Authors: Dimitra Sygkridou, Dimitrios Karageorgopoulos, Elias Stathatos, Evangelos Vitoratos


Transparent nickel doped cobalt sulfide was fabricated on a SnO2:F electrode and tested as an efficient electrocatalyst and as an alternative to the expensive platinum counter electrode. In order to investigate how this electrode could affect the electrical characteristics of a dye-sensitized solar cell, we manufactured cells with the same TiO2 photoanode sensitized with dye (N719) and employing the same quasi-solid electrolyte, altering only the counter electrode used.
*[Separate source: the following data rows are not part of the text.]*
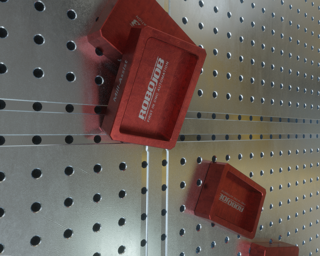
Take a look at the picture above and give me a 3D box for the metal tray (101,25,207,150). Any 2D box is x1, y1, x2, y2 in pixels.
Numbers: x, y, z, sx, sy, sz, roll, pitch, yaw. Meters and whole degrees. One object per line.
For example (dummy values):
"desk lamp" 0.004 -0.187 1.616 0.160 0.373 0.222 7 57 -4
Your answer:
"metal tray" -0.007 -0.044 0.368 0.091 0.030 0.129 12 101 -32

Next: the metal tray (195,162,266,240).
"metal tray" 0.121 0.121 0.510 0.130 0.030 0.090 34 69 -35

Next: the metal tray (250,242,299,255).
"metal tray" 0.218 0.270 0.593 0.131 0.030 0.090 17 79 -39

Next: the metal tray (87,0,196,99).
"metal tray" -0.015 -0.108 0.395 0.130 0.030 0.090 38 67 -34
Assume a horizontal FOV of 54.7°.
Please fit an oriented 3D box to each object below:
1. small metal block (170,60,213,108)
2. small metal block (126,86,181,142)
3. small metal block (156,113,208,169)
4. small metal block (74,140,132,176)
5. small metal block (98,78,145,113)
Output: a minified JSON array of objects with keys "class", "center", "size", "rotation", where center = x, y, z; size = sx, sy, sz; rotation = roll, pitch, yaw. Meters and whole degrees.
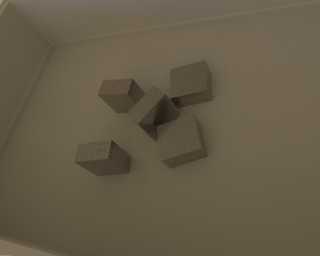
[{"class":"small metal block","center":[0.042,-0.059,0.419],"size":[0.050,0.025,0.050],"rotation":[-11,57,21]},{"class":"small metal block","center":[-0.007,-0.018,0.403],"size":[0.050,0.050,0.025],"rotation":[-47,52,-5]},{"class":"small metal block","center":[0.026,0.016,0.381],"size":[0.050,0.025,0.050],"rotation":[-19,54,16]},{"class":"small metal block","center":[-0.073,0.040,0.401],"size":[0.050,0.050,0.025],"rotation":[-8,58,23]},{"class":"small metal block","center":[-0.051,-0.045,0.442],"size":[0.050,0.050,0.025],"rotation":[2,63,28]}]
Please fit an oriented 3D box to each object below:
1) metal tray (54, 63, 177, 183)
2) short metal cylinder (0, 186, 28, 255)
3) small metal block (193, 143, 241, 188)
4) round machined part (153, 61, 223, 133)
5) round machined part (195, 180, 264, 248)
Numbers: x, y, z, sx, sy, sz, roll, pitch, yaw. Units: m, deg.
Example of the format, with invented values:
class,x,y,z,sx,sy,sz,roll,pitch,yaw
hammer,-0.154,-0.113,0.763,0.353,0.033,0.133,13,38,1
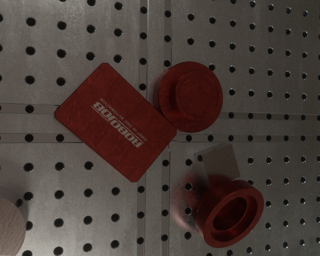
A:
class,x,y,z,sx,sy,sz,roll,pitch,yaw
metal tray,-0.054,-0.006,0.391,0.130,0.030,0.090,43,76,-15
short metal cylinder,-0.186,0.106,0.331,0.081,0.050,0.079,0,90,-21
small metal block,0.082,0.053,0.444,0.050,0.025,0.050,-18,96,-20
round machined part,0.044,-0.042,0.421,0.099,0.042,0.097,0,90,-20
round machined part,0.090,0.112,0.426,0.099,0.042,0.097,-13,120,-23
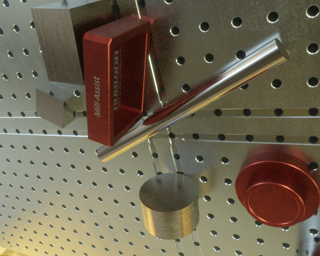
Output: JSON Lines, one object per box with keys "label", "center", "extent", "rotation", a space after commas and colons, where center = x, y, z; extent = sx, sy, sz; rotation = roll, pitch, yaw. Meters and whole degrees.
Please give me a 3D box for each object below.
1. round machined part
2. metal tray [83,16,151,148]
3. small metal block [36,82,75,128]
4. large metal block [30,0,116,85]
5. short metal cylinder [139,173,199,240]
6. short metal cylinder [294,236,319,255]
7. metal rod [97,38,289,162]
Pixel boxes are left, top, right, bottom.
{"label": "round machined part", "center": [0.140, 0.081, 0.376], "extent": [0.098, 0.042, 0.097], "rotation": [13, 124, 21]}
{"label": "metal tray", "center": [-0.047, -0.054, 0.360], "extent": [0.030, 0.090, 0.129], "rotation": [18, 126, 18]}
{"label": "small metal block", "center": [-0.161, -0.035, 0.475], "extent": [0.050, 0.025, 0.050], "rotation": [25, 127, 12]}
{"label": "large metal block", "center": [-0.091, -0.104, 0.360], "extent": [0.050, 0.080, 0.079], "rotation": [10, 123, 23]}
{"label": "short metal cylinder", "center": [0.014, 0.108, 0.435], "extent": [0.080, 0.080, 0.050], "rotation": [8, 122, 24]}
{"label": "short metal cylinder", "center": [0.214, 0.187, 0.398], "extent": [0.080, 0.050, 0.079], "rotation": [13, 124, 21]}
{"label": "metal rod", "center": [0.016, -0.018, 0.391], "extent": [0.299, 0.025, 0.025], "rotation": [-30, 102, 37]}
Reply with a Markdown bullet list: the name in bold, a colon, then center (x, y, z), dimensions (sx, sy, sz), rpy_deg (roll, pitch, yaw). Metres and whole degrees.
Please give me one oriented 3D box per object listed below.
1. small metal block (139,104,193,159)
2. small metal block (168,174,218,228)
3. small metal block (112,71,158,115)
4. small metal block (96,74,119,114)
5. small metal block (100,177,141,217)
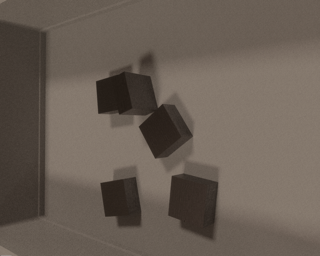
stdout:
- **small metal block**: center (0.007, 0.004, 0.400), dimensions (0.050, 0.025, 0.050), rpy_deg (-42, 65, 31)
- **small metal block**: center (0.039, 0.086, 0.373), dimensions (0.050, 0.025, 0.050), rpy_deg (8, 95, 39)
- **small metal block**: center (-0.033, -0.045, 0.416), dimensions (0.025, 0.050, 0.050), rpy_deg (-21, 77, 38)
- **small metal block**: center (-0.067, -0.048, 0.460), dimensions (0.050, 0.025, 0.050), rpy_deg (-8, 85, 39)
- **small metal block**: center (-0.058, 0.101, 0.452), dimensions (0.050, 0.025, 0.050), rpy_deg (-16, 80, 38)
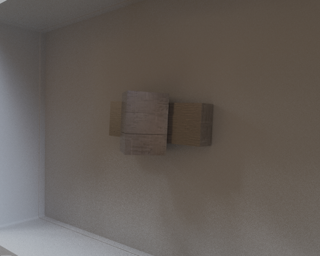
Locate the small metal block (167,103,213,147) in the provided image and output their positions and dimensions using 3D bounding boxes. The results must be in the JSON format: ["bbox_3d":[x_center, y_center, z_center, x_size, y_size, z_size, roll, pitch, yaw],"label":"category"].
[{"bbox_3d":[0.035,-0.005,0.375,0.050,0.025,0.050,4,93,39],"label":"small metal block"}]

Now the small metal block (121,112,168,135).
[{"bbox_3d":[-0.021,-0.006,0.391,0.050,0.050,0.025,-172,84,-76],"label":"small metal block"}]

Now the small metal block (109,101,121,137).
[{"bbox_3d":[-0.045,-0.012,0.440,0.050,0.025,0.050,5,93,39],"label":"small metal block"}]

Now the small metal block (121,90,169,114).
[{"bbox_3d":[-0.020,-0.031,0.389,0.050,0.050,0.025,-169,81,-76],"label":"small metal block"}]

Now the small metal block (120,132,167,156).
[{"bbox_3d":[-0.023,0.019,0.392,0.050,0.050,0.025,-172,84,-76],"label":"small metal block"}]
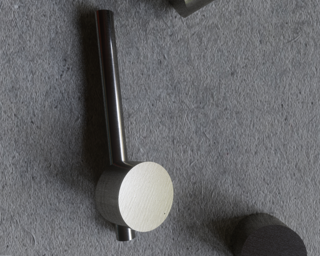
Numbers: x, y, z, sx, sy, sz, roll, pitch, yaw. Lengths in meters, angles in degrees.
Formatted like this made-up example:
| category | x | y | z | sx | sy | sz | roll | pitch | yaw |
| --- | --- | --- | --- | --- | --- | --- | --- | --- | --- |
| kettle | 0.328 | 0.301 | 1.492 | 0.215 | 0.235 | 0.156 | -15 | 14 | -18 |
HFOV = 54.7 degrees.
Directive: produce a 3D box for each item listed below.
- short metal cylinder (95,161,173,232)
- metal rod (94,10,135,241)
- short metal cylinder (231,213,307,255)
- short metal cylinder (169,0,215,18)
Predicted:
| category | x | y | z | sx | sy | sz | roll | pitch | yaw |
| --- | --- | --- | --- | --- | --- | --- | --- | --- | --- |
| short metal cylinder | -0.030 | 0.080 | 0.377 | 0.081 | 0.050 | 0.080 | 4 | 84 | -41 |
| metal rod | -0.060 | -0.003 | 0.409 | 0.025 | 0.025 | 0.298 | -6 | 90 | 0 |
| short metal cylinder | 0.138 | 0.156 | 0.399 | 0.081 | 0.050 | 0.080 | 0 | 90 | 0 |
| short metal cylinder | 0.034 | -0.186 | 0.383 | 0.050 | 0.080 | 0.080 | -31 | 90 | 0 |
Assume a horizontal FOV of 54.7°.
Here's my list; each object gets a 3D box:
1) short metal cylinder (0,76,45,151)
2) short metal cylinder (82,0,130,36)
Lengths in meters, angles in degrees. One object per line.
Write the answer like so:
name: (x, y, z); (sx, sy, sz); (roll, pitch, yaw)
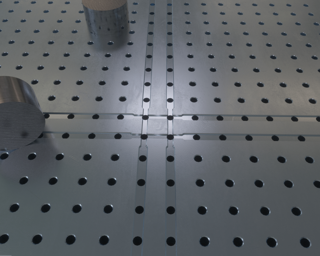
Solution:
short metal cylinder: (-0.191, -0.017, 0.385); (0.081, 0.080, 0.050); (-22, 54, -18)
short metal cylinder: (-0.098, -0.214, 0.570); (0.081, 0.050, 0.080); (0, 50, 0)
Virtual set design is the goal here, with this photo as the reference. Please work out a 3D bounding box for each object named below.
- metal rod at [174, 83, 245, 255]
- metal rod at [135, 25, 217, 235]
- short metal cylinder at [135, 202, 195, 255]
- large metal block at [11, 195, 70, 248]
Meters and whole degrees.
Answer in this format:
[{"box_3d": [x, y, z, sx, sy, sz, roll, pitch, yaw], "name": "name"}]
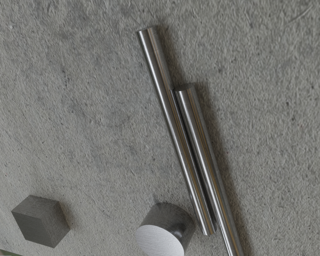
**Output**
[{"box_3d": [0.075, 0.082, 0.417, 0.025, 0.025, 0.298, -6, 116, 30], "name": "metal rod"}, {"box_3d": [0.028, 0.020, 0.402, 0.025, 0.025, 0.298, -5, 116, 30], "name": "metal rod"}, {"box_3d": [0.009, 0.165, 0.486, 0.080, 0.050, 0.079, 13, 124, 20], "name": "short metal cylinder"}, {"box_3d": [-0.242, 0.190, 0.632, 0.080, 0.050, 0.079, 4, 120, 26], "name": "large metal block"}]
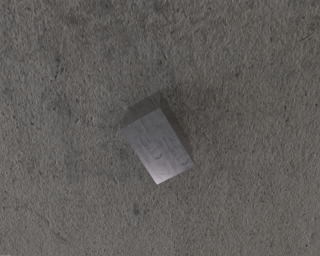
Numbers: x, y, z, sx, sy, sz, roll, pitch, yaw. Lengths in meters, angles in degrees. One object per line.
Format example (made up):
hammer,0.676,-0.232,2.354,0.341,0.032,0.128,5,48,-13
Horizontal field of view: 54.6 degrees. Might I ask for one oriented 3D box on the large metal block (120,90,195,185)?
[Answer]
large metal block,-0.002,0.008,0.383,0.050,0.080,0.080,-28,108,10
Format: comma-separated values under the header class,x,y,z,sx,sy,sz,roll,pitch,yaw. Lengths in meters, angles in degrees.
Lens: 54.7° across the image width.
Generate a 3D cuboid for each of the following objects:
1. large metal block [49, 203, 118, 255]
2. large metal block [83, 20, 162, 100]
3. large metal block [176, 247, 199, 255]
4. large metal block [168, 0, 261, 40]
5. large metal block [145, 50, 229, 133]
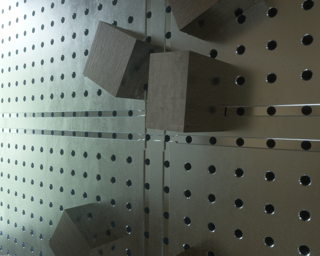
class,x,y,z,sx,sy,sz,roll,pitch,yaw
large metal block,-0.124,0.181,0.492,0.080,0.050,0.079,42,115,32
large metal block,-0.055,-0.095,0.436,0.080,0.050,0.079,36,112,34
large metal block,0.030,0.206,0.367,0.080,0.050,0.080,45,117,30
large metal block,0.054,-0.160,0.347,0.080,0.050,0.080,-28,73,36
large metal block,0.032,-0.037,0.346,0.050,0.081,0.079,7,94,39
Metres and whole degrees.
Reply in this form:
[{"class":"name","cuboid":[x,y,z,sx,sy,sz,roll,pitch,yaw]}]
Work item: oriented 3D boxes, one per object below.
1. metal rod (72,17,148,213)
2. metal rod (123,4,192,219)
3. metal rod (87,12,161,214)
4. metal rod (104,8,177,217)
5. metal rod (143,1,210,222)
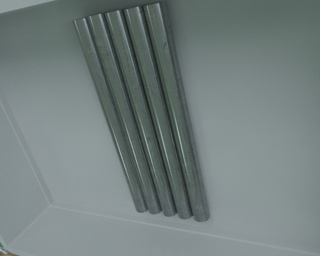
[{"class":"metal rod","cuboid":[-0.061,-0.002,0.438,0.025,0.025,0.298,0,119,28]},{"class":"metal rod","cuboid":[0.006,-0.002,0.403,0.025,0.025,0.298,0,119,28]},{"class":"metal rod","cuboid":[-0.040,-0.003,0.426,0.025,0.025,0.298,0,119,28]},{"class":"metal rod","cuboid":[-0.017,-0.003,0.415,0.025,0.025,0.298,0,119,28]},{"class":"metal rod","cuboid":[0.028,-0.002,0.391,0.025,0.025,0.298,0,119,28]}]
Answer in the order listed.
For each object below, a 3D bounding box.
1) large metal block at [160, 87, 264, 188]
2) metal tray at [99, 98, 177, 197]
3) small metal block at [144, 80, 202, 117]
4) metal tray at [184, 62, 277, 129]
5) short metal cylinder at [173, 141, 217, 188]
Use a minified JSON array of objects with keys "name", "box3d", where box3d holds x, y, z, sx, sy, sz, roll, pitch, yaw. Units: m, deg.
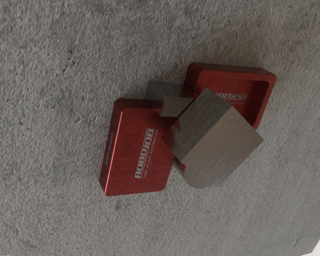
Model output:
[{"name":"large metal block","box3d":[0.063,0.013,0.368,0.080,0.050,0.080,-48,129,6]},{"name":"metal tray","box3d":[-0.024,0.027,0.410,0.091,0.030,0.129,1,118,-29]},{"name":"small metal block","box3d":[0.015,-0.036,0.378,0.050,0.050,0.025,1,118,-29]},{"name":"metal tray","box3d":[0.092,-0.040,0.431,0.131,0.030,0.089,-2,119,-28]},{"name":"short metal cylinder","box3d":[0.059,0.040,0.449,0.081,0.050,0.079,-13,124,-20]}]
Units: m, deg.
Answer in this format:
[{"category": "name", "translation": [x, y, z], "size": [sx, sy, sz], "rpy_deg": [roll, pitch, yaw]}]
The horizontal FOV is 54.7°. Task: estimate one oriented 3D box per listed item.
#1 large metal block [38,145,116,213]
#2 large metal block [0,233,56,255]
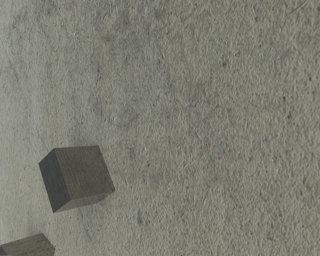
[{"category": "large metal block", "translation": [-0.126, 0.075, 0.474], "size": [0.050, 0.081, 0.080], "rpy_deg": [-38, 67, 34]}, {"category": "large metal block", "translation": [-0.253, 0.255, 0.579], "size": [0.050, 0.081, 0.079], "rpy_deg": [30, 109, 36]}]
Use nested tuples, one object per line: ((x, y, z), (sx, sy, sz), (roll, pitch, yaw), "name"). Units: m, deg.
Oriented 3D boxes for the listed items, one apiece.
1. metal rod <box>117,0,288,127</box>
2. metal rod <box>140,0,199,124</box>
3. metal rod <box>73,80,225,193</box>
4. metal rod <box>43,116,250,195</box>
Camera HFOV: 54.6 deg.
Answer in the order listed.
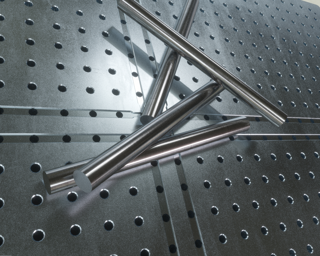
((0.065, -0.100, 0.468), (0.301, 0.025, 0.025), (36, 51, -2), "metal rod")
((0.024, -0.123, 0.494), (0.025, 0.025, 0.300), (27, 52, -11), "metal rod")
((0.013, -0.012, 0.399), (0.025, 0.025, 0.302), (49, 45, 6), "metal rod")
((0.008, 0.024, 0.396), (0.302, 0.025, 0.025), (-14, 69, -34), "metal rod")
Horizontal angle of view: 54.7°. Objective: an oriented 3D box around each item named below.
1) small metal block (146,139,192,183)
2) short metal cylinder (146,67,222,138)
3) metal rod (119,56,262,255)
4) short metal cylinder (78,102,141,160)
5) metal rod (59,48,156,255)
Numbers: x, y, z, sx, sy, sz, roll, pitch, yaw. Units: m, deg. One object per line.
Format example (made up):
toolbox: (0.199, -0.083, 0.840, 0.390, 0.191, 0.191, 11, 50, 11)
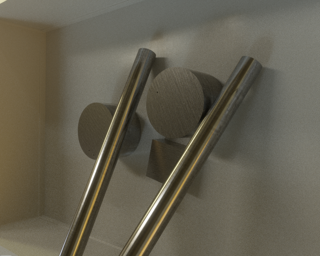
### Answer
small metal block: (0.013, 0.044, 0.395, 0.050, 0.025, 0.050, 17, 101, 38)
short metal cylinder: (0.031, -0.028, 0.364, 0.080, 0.050, 0.079, 0, 90, 39)
metal rod: (0.017, 0.057, 0.313, 0.025, 0.025, 0.299, 28, 83, 36)
short metal cylinder: (-0.074, 0.004, 0.449, 0.080, 0.050, 0.079, 0, 90, 39)
metal rod: (-0.064, 0.035, 0.384, 0.025, 0.025, 0.299, 7, 71, 39)
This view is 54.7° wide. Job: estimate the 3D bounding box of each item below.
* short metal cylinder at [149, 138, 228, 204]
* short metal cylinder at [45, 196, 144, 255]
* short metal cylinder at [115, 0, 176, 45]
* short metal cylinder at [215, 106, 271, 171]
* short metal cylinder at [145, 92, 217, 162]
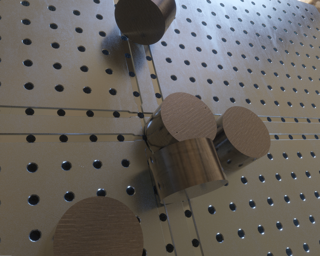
[{"bbox_3d":[0.032,0.051,0.361,0.081,0.080,0.050,-4,64,-30],"label":"short metal cylinder"},{"bbox_3d":[-0.062,0.111,0.292,0.081,0.050,0.080,14,56,-21],"label":"short metal cylinder"},{"bbox_3d":[-0.021,-0.174,0.469,0.080,0.080,0.050,32,51,-8],"label":"short metal cylinder"},{"bbox_3d":[0.109,0.016,0.444,0.081,0.050,0.080,14,56,-21],"label":"short metal cylinder"},{"bbox_3d":[0.027,0.000,0.408,0.081,0.050,0.080,14,56,-21],"label":"short metal cylinder"}]
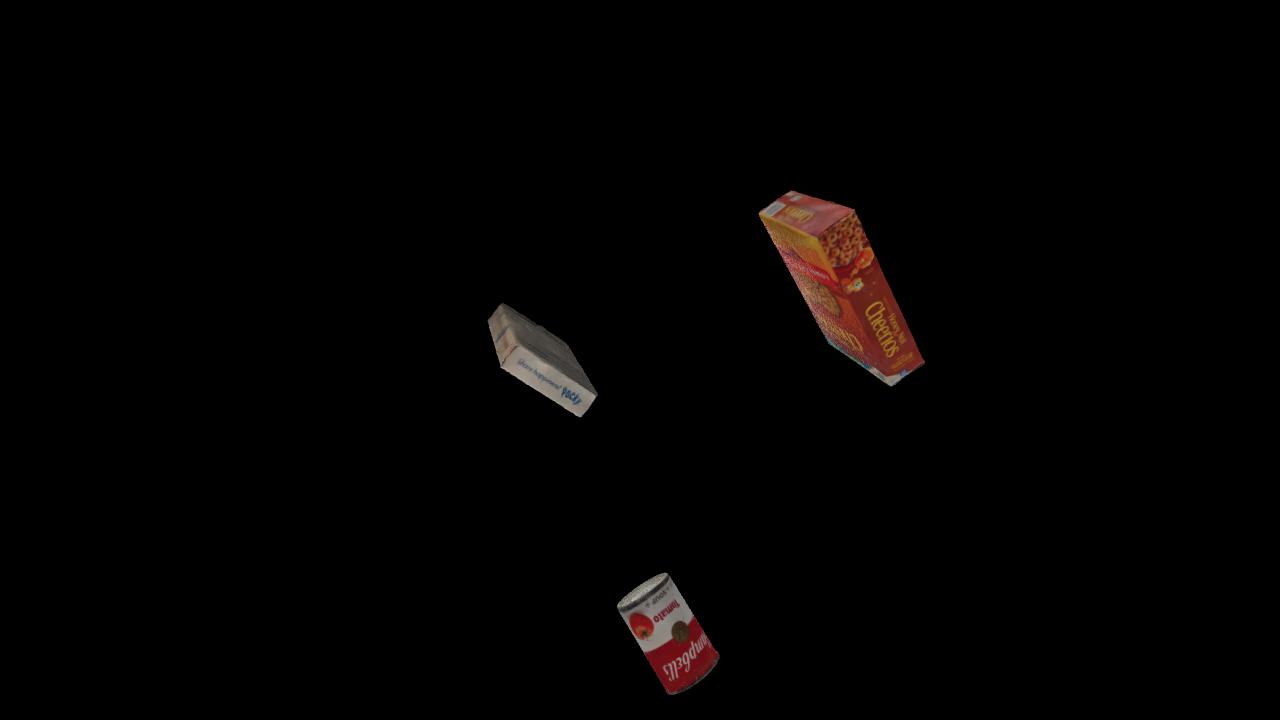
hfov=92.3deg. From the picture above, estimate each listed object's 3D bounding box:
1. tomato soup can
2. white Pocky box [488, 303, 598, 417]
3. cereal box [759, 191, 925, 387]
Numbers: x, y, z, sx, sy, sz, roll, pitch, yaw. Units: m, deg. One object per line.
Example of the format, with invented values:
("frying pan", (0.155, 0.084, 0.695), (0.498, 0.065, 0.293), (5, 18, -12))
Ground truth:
("tomato soup can", (0.029, 0.289, 0.656), (0.068, 0.101, 0.068), (-32, -9, -6))
("white Pocky box", (-0.093, -0.006, 0.561), (0.084, 0.028, 0.154), (35, 5, -24))
("cereal box", (0.327, -0.118, 1.006), (0.081, 0.306, 0.203), (-35, 27, 2))
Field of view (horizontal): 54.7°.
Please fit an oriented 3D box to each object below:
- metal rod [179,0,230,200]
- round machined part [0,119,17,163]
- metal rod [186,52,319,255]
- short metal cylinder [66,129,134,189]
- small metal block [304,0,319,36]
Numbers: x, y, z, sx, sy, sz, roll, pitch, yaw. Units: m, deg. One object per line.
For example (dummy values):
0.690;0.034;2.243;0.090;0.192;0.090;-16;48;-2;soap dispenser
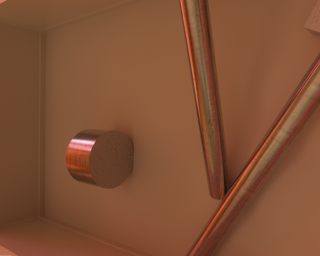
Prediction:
0.040;-0.060;0.292;0.025;0.025;0.298;9;121;39;metal rod
-0.354;0.029;0.686;0.098;0.042;0.097;0;90;39;round machined part
0.099;0.039;0.307;0.025;0.025;0.298;42;120;31;metal rod
-0.083;0.042;0.437;0.050;0.081;0.079;2;92;40;short metal cylinder
0.165;-0.102;0.270;0.050;0.025;0.050;35;111;34;small metal block
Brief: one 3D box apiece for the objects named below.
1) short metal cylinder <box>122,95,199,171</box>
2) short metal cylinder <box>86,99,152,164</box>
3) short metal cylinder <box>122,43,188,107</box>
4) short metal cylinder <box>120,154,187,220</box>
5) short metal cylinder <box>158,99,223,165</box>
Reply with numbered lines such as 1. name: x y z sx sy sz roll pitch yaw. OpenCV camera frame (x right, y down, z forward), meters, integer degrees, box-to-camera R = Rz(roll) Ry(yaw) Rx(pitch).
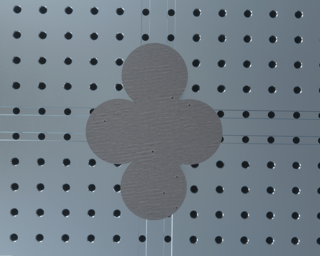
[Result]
1. short metal cylinder: 0.001 0.005 0.350 0.081 0.050 0.079 0 90 0
2. short metal cylinder: -0.050 0.004 0.400 0.081 0.050 0.079 0 90 0
3. short metal cylinder: -0.007 -0.064 0.400 0.081 0.050 0.079 0 90 -1
4. short metal cylinder: -0.008 0.072 0.400 0.081 0.050 0.080 0 88 -1
5. short metal cylinder: 0.036 0.005 0.400 0.081 0.050 0.079 0 90 0
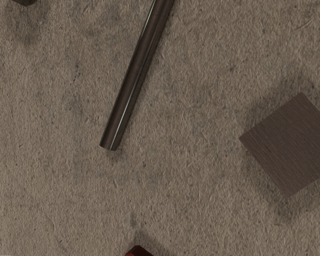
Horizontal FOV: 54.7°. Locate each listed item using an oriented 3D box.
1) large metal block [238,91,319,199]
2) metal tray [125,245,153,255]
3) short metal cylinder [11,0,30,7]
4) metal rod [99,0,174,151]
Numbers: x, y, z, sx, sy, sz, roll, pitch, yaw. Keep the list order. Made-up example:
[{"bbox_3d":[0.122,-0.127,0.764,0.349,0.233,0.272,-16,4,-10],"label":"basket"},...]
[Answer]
[{"bbox_3d":[0.147,0.018,0.344,0.080,0.050,0.080,-40,78,15],"label":"large metal block"},{"bbox_3d":[-0.031,0.238,0.416,0.090,0.030,0.129,32,100,17],"label":"metal tray"},{"bbox_3d":[-0.228,-0.223,0.458,0.080,0.080,0.050,32,100,17],"label":"short metal cylinder"},{"bbox_3d":[-0.018,-0.111,0.414,0.025,0.025,0.298,24,98,18],"label":"metal rod"}]
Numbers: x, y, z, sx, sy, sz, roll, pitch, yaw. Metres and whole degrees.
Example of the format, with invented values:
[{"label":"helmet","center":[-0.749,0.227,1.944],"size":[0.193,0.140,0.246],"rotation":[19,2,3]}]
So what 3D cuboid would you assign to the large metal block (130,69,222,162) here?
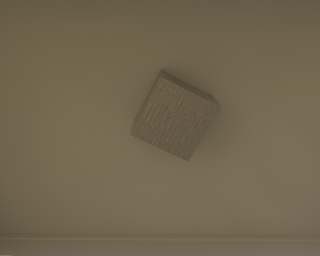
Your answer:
[{"label":"large metal block","center":[0.018,-0.017,0.392],"size":[0.080,0.050,0.080],"rotation":[26,108,-10]}]

The cells were electrically and electrochemically characterized and it was observed that the ones with the Ni doped CoS2 outperformed the efficiency of the cells with the Pt counter electrode (3.76% and 3.44% respectively). Particularly, the higher efficiency of the cells with the Ni doped CoS2 counter electrode (CE) is mainly because of the enhanced photocurrent density which is attributed to the enhanced electrocatalytic ability of the CE and the low charge transfer resistance at the CE/electrolyte interface.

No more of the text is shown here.